# AIM OF THE EXERCISE
From the entries that follow, copy exactly the lines beginning at the line holding "There is a red" and continuing through the line holding "Ensure brevity in".

# EXTRACTED ENTRIES

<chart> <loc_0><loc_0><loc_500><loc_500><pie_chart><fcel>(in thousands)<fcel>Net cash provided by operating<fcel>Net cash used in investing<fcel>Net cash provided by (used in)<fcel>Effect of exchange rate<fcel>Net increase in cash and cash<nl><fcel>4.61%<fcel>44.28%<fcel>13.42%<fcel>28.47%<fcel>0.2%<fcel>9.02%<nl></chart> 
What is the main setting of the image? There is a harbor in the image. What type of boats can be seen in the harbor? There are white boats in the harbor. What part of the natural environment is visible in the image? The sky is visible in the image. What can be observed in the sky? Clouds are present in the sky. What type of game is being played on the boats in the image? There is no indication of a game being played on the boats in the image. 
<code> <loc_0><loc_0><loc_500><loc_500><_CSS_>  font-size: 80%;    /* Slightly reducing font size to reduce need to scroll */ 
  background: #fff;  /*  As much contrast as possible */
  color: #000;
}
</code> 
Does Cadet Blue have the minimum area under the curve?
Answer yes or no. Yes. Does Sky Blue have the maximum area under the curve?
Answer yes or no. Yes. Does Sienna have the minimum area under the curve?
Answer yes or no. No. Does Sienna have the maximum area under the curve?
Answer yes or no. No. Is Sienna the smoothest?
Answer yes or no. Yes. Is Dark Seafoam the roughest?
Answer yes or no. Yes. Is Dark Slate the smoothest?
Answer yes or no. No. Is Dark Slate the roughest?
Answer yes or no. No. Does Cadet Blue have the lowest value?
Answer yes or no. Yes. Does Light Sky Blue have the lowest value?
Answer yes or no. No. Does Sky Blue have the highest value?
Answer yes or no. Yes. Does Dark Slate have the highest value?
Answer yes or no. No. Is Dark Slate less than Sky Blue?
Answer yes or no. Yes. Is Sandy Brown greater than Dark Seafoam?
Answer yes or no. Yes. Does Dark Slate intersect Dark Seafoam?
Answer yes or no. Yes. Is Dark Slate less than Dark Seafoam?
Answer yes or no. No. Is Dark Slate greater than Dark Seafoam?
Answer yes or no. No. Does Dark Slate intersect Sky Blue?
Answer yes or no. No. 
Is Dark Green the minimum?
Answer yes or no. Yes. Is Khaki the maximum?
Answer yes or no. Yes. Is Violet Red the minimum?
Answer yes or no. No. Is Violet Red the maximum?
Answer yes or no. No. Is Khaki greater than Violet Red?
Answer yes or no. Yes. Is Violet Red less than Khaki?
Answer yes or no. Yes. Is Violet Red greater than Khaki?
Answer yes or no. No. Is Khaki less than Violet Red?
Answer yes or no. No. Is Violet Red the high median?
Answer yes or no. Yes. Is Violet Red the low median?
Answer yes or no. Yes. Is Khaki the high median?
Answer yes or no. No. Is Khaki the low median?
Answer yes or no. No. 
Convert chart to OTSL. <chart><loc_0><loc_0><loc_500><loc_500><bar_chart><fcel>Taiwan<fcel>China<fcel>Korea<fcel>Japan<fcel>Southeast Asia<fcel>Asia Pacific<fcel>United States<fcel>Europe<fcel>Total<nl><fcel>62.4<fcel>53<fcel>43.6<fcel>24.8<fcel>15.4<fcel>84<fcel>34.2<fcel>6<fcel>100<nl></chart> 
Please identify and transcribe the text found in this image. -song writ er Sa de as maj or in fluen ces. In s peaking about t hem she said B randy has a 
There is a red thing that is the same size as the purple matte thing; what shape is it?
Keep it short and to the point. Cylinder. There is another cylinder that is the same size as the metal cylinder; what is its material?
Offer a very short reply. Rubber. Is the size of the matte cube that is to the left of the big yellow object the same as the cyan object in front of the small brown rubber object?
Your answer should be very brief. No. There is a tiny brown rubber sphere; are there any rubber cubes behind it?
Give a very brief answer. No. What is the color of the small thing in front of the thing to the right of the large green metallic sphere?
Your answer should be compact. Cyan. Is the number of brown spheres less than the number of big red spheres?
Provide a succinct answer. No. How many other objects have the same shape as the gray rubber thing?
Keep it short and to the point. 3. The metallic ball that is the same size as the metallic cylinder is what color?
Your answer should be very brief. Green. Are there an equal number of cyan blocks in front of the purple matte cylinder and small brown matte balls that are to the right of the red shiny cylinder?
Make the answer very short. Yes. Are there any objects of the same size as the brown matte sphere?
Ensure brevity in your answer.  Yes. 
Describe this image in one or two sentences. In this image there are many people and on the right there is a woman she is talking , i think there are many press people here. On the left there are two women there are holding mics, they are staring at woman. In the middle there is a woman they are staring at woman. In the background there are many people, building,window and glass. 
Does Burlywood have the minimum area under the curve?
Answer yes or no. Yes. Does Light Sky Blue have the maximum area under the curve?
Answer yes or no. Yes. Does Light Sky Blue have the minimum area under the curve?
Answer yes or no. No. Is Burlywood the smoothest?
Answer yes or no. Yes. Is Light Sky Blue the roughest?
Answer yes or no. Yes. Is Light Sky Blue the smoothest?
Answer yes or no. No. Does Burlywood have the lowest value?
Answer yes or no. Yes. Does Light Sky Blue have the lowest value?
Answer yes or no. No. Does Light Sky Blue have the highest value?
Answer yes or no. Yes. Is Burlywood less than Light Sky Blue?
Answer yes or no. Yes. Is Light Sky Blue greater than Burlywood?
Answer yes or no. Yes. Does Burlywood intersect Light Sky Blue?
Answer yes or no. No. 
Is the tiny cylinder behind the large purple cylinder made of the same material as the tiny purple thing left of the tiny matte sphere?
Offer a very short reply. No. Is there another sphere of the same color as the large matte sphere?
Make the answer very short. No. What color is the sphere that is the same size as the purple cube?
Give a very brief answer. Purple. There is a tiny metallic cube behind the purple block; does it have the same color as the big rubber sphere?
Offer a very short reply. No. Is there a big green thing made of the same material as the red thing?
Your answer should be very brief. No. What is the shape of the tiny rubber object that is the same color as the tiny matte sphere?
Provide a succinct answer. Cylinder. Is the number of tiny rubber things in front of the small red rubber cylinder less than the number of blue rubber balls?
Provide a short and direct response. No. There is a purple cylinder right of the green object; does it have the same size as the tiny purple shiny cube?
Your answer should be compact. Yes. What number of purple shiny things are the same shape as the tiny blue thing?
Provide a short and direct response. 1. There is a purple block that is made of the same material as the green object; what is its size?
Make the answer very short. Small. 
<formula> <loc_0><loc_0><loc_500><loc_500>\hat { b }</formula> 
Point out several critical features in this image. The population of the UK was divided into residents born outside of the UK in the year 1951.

# RESULT OF THE EXERCISE
There is a red thing that is the same size as the purple matte thing; what shape is it?
Keep it short and to the point. Cylinder. There is another cylinder that is the same size as the metal cylinder; what is its material?
Offer a very short reply. Rubber. Is the size of the matte cube that is to the left of the big yellow object the same as the cyan object in front of the small brown rubber object?
Your answer should be very brief. No. There is a tiny brown rubber sphere; are there any rubber cubes behind it?
Give a very brief answer. No. What is the color of the small thing in front of the thing to the right of the large green metallic sphere?
Your answer should be compact. Cyan. Is the number of brown spheres less than the number of big red spheres?
Provide a succinct answer. No. How many other objects have the same shape as the gray rubber thing?
Keep it short and to the point. 3. The metallic ball that is the same size as the metallic cylinder is what color?
Your answer should be very brief. Green. Are there an equal number of cyan blocks in front of the purple matte cylinder and small brown matte balls that are to the right of the red shiny cylinder?
Make the answer very short. Yes. Are there any objects of the same size as the brown matte sphere?
Ensure brevity in your answer.  Yes. 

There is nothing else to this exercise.